I was so certain and so confident the dragonborn didn’t belong in D&D;, I figured my players would reject the race as I did and choose something more in line with the D&D; we’d always played. Imagine my surprise when one of my younger players, who was 19 at the time, immediately latched onto the dragonborn and warlord. Imagine my continued surprise when game after game my players ventured further afield than the classic array of classes and races. What I realized was that although dragonborn seemed ridiculous to me, the race had a great deal of appeal to my gaming group—the cantankerous, vulgar, twinkie group of players that they are. And if these old dudes could climb on board the tiefling, drow, dragonborn, wilden, shardmind train, then there must be people for whom these elements are fantasy for them. In the end, I made my peace with the weirder races and classes”

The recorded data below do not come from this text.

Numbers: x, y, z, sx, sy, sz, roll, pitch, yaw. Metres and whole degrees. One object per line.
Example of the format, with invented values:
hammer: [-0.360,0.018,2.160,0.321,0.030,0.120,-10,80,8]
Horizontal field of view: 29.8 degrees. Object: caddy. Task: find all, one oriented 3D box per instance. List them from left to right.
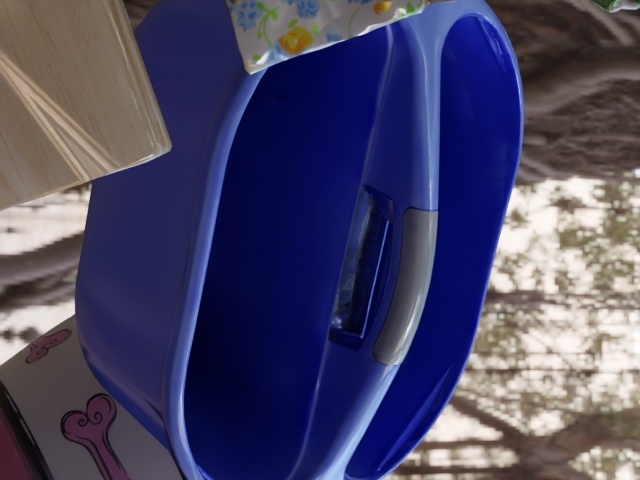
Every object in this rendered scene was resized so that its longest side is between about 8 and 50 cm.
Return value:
caddy: [0.000,0.000,0.720,0.179,0.241,0.341,28,-68,45]

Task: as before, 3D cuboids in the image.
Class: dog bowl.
dog bowl: [-0.198,0.274,1.056,0.408,0.150,0.408,49,-29,40]

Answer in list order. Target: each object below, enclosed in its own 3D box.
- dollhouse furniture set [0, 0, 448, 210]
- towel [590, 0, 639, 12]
dollhouse furniture set: [-0.159,-0.187,0.317,0.256,0.362,0.394,-136,-153,-76]
towel: [0.235,-0.233,0.598,0.038,0.325,0.248,56,5,-23]

he made peace with them, he understands that some people like them, so why not offer them
 

We are constantly changing...some faster than others I guess. It helps to be patient and charitable.
It's been almost 20 years, chief. When does reasonable patience end? Do I really need to be charitable when someone says, point-blank, that they need to appease both the people who just want to play the things they think are cool and which have been part of official D&D before, and people who are actively campaigning to exclude all of those things in order to keep D&D "pure" or whatever other nonsense?

Why should I have to defend any inclusion at all of my preferences in the edition that explicitly billed itself as the "big tent" that would welcome fans of every edition?

I understand that if you want respect, you need to give respect. But when someone point-blank tells you, when trying to be supportive, "Be glad you got anything at all"...there's only so far a plea for patience and charity can be stretched before it becomes "please be quiet, you're being inconvenient to me."